В Лионе тюремные надзиратели были очень грубый народ; в этом имели возможность убедиться мы все: то­варищи, моя жена и я сам. Но после нескольких стычек все уладилось. На придачу администрация знала хорошо, что за нас — парижская пресса, и вовсе не желала на­влечь на свои головы громы Рошфора или жгучую критику Клемансо. В Клэрво, оказалось, дело обошлось без столк­новений. Всю администрацию сменили за несколько месяцев до нашего прибытия. Надзиратели убили в камере одного из арестантов и повесили потом его тело, чтоб представить смерть как самоубийство. Но дело выплыло на этот раз благодаря врачу. Главного смотрителя и не­скольких помощников сместили, и совершенно иные отно­шения установились в тюрьме. Вообще я вынес из Клэрво самые лучшие воспоминания о директоре и в конце кон­цов во время моего пребывания там не раз думал, что люди часто бывают лучше, чем те учреждения, к которым они принадлежат. Но, не имея личных жалоб, я тем более свободно и безусловно могу отрицать само учреж­дение как пережиток мрачного прошлого, ошибочный в принципе и являющийся источником бесчисленных зол для общества.
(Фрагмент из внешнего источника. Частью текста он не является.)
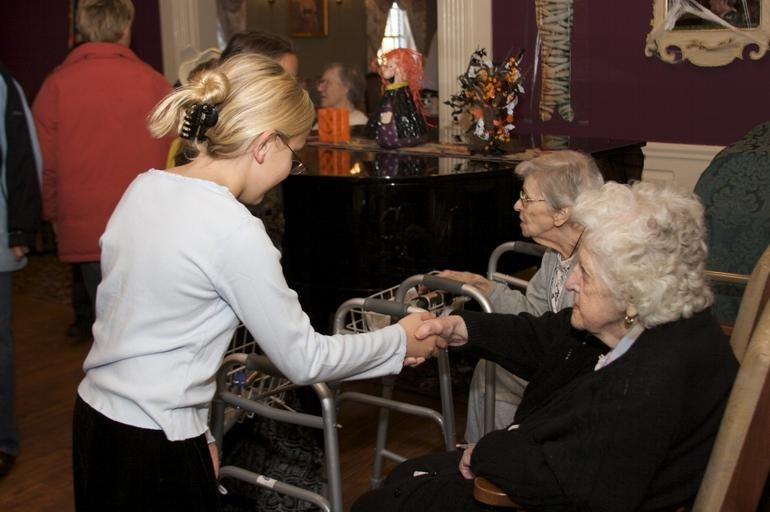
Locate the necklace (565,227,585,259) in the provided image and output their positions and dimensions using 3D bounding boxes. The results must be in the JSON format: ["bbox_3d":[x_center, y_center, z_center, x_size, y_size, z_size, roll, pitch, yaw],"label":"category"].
[{"bbox_3d":[0.737,-0.054,2.447,0.051,0.115,0.087,24,-1,1],"label":"necklace"}]

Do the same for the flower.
[{"bbox_3d":[0.659,-1.021,4.143,0.435,0.537,0.276,6,15,24],"label":"flower"}]

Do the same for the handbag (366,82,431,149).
[{"bbox_3d":[0.031,-0.911,4.379,0.384,0.462,0.548,7,12,44],"label":"handbag"}]

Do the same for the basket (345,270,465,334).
[{"bbox_3d":[0.042,0.236,2.451,0.372,0.139,0.326,10,20,41],"label":"basket"}]

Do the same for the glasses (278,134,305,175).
[{"bbox_3d":[-0.322,-0.325,2.081,0.048,0.156,0.161,-4,-3,-27],"label":"glasses"}]

Я должен упомянуть еще об одном, что поразило меня даже сильнее, чем деморализующее влияние тюрем на заключенных. Каким гнездом заразы является каждая тюрьма и даже каждый суд для соседей, для всех живу­щих вблизи! Ломброзо нашумел очень много своим «пре­ступным типом», открытым будто бы им среди острожного населения. Если бы он с таким же вниманием наблюдал публику, тяготеющую к суду: сыщиков, шпионов, улич­ных адвокатов, доносчиков и обманщиков всякого рода, Ломброзо, наверное, пришел бы к заключению, что геогра­фическая сфера распространения «преступного типа» не ограничивается только тюремными стенами. Никогда я не видел такой богатой коллекции лиц самого низшего людского типа, как в лионском суде, где эти существа шныряли десятками. Ничего подобного я, конечно, не встречал в стенах Клэрво. Диккенс и Круикшэнк обессмер­тили некоторые из этих типов, составляющих совсем осо­бый мир, который вращается вокруг судов и распростра­няет заразу далеко вокруг. То же самое относится ко вся­кой центральной тюрьме вроде Клэрво. Вокруг тюрьмы, как масляное пятно, распространяется целая атмосфера мелкого воровства и мошенничества, шпионства и пороч­ности всякого рода.
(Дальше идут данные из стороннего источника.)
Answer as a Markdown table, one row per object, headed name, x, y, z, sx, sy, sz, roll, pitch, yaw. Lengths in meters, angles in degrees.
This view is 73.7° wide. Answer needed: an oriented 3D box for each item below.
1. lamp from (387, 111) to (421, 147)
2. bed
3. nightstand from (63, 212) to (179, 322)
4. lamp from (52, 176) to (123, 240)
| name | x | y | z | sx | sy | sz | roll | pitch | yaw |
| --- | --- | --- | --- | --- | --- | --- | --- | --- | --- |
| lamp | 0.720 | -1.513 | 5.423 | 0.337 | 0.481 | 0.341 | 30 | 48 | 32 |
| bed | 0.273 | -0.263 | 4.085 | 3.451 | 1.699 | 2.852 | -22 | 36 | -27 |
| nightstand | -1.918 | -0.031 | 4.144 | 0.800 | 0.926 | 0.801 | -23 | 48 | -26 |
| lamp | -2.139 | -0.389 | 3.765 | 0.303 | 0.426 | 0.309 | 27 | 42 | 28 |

Все это я видел. И если до моего осуждения я знал уже, что современная система наказания дурна, то, оставляя Клэрво, я понял также, что система эта не только дурна и несправедлива, но что чистое безумие со стороны обще­ства поддерживать на свой счет — по неведению или по притворному незнанию действительности — эти «универ­ситеты преступности» и эти гнезда развращения; все это под предлогом, что остроги необходимы для обуздания преступных инстинктов нескольких людей.